Hoje é dia de uma das votações mais inusitadas da história do Brasil e rara também no retrospecto recente no mundo todo. Isso porque temos, segundo os principais institutos de pesquisas de intenção de votos, a extrema direita contra a extrema esquerda - pelo menos no papel -, como principais oponentes.
Tudo indica que o segundo turno, caso houver, será formado pelo candidato do PSL, Jair Bolsonaro, e o petista Fernando Haddad. Há um grande movimento a favor e contra ambos. Mesmo assim, em alta nas últimas décadas, vemos a queda do PT e uma onda antilulista muito grande. Em outros tempos, o PT também representava a esperança da classe média e até das outras mais abastadas. Já hoje, o que restou são os eleitores (que não são poucos) menos esclarecidos e que dependem de programas assistencialistas, como o Bolsa Família. Isso não significa que Bolsonaro, com uma carreira política quase sem conquistas, represente o candidato ideal para os eleitores da classe alta, universitários e brasileiros do Sudeste e Sul. Ele é apenas um instrumento para derrotar o PT.

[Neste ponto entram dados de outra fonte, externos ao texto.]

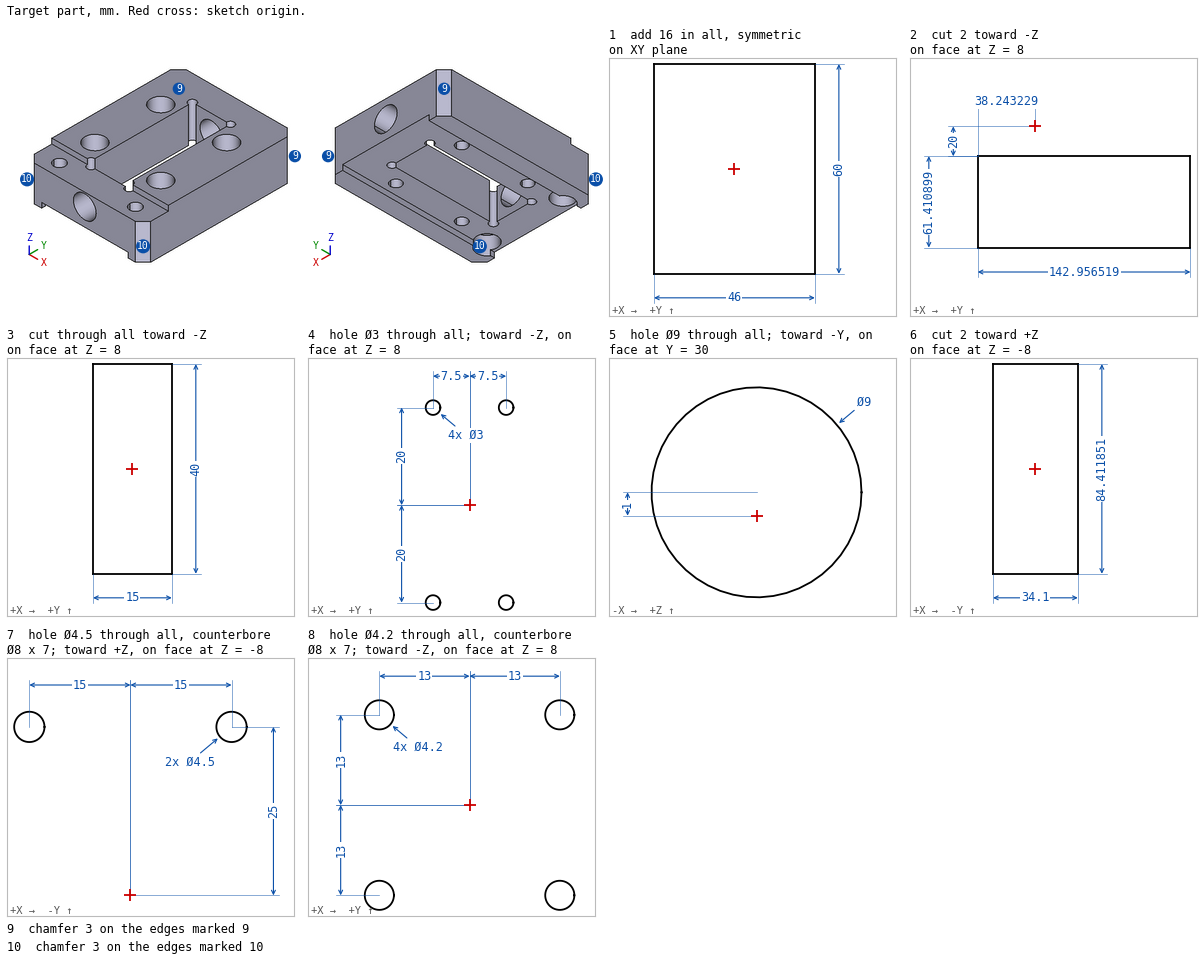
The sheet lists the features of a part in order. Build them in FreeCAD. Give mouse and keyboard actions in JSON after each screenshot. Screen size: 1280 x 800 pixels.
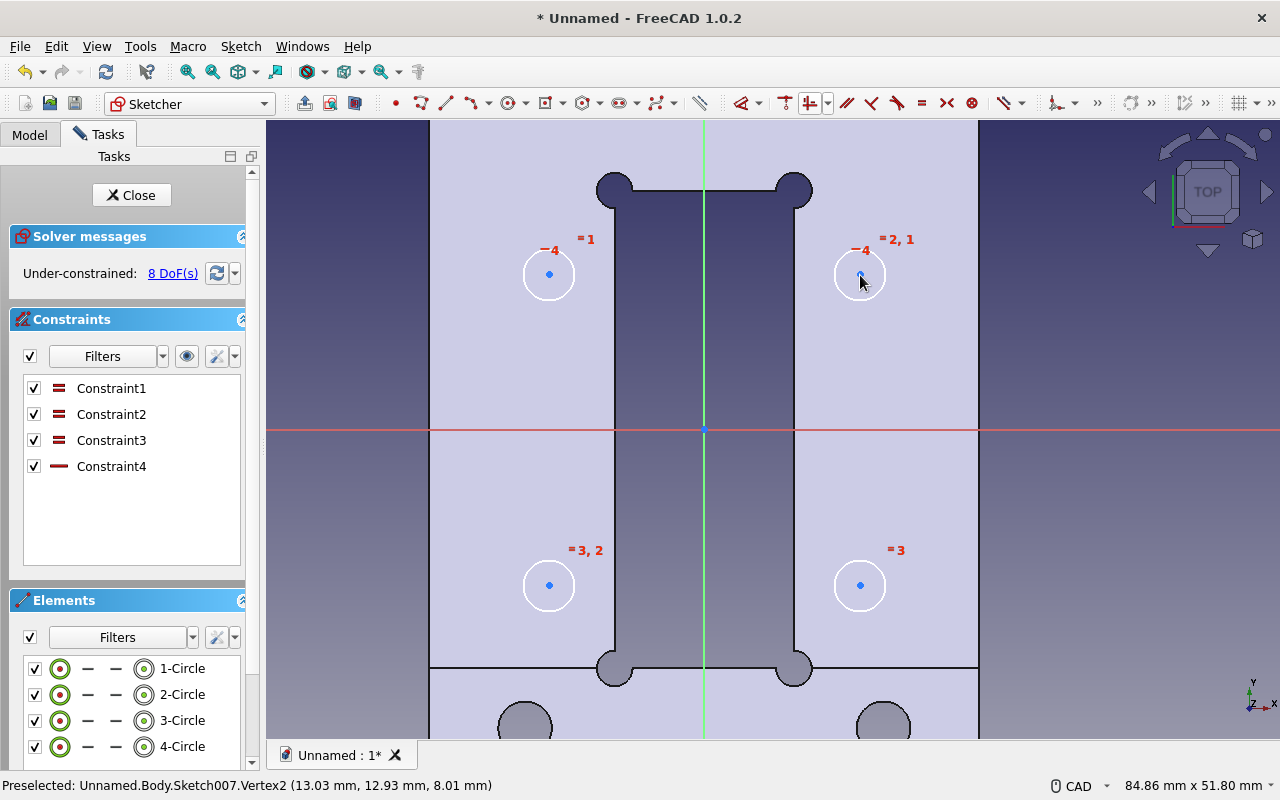
{"action": "left_click", "coordinate": [549, 275]}

O quadro representa a pura incompetência dos outros partidos, que não conseguiram agradar o eleitorado com seus candidatos. Sobrou Bolsonaro. Mesmo assim, sua vitória é quase certa, pelo menos se compararmos com as eleições presidenciais passadas, quando as disputas do segundo turno se mostraram ilusórias, já que até hoje, todos os candidatos que passam para este estágio do pleito na frente das pesquisas, venceram as eleições. Foi assim com Color (PRN) x Lula (PT), em 1989; Lula x José Serra (PSDB), em 2002; Lula x Geraldo Alckmin (PSDB), em 2006; Dilma (PT) x José Serra, em 2010; e Dilma x Aécio Neves (PSDB), em 2014.
Bolsonaro vem crescendo e ampliando vantagem sobre Haddad. É natural que, caso realmente se confirme essas duas figuras na disputa final, os próximos 20 dias serão de comemoração para os bolsonaristas e, mesmo quem não votou nele no primeiro turno deverá passar a apoiar o capitão reformado. A não ser que Haddad seja um ponto fora da curva e protagonize uma inédita virada no segundo turno.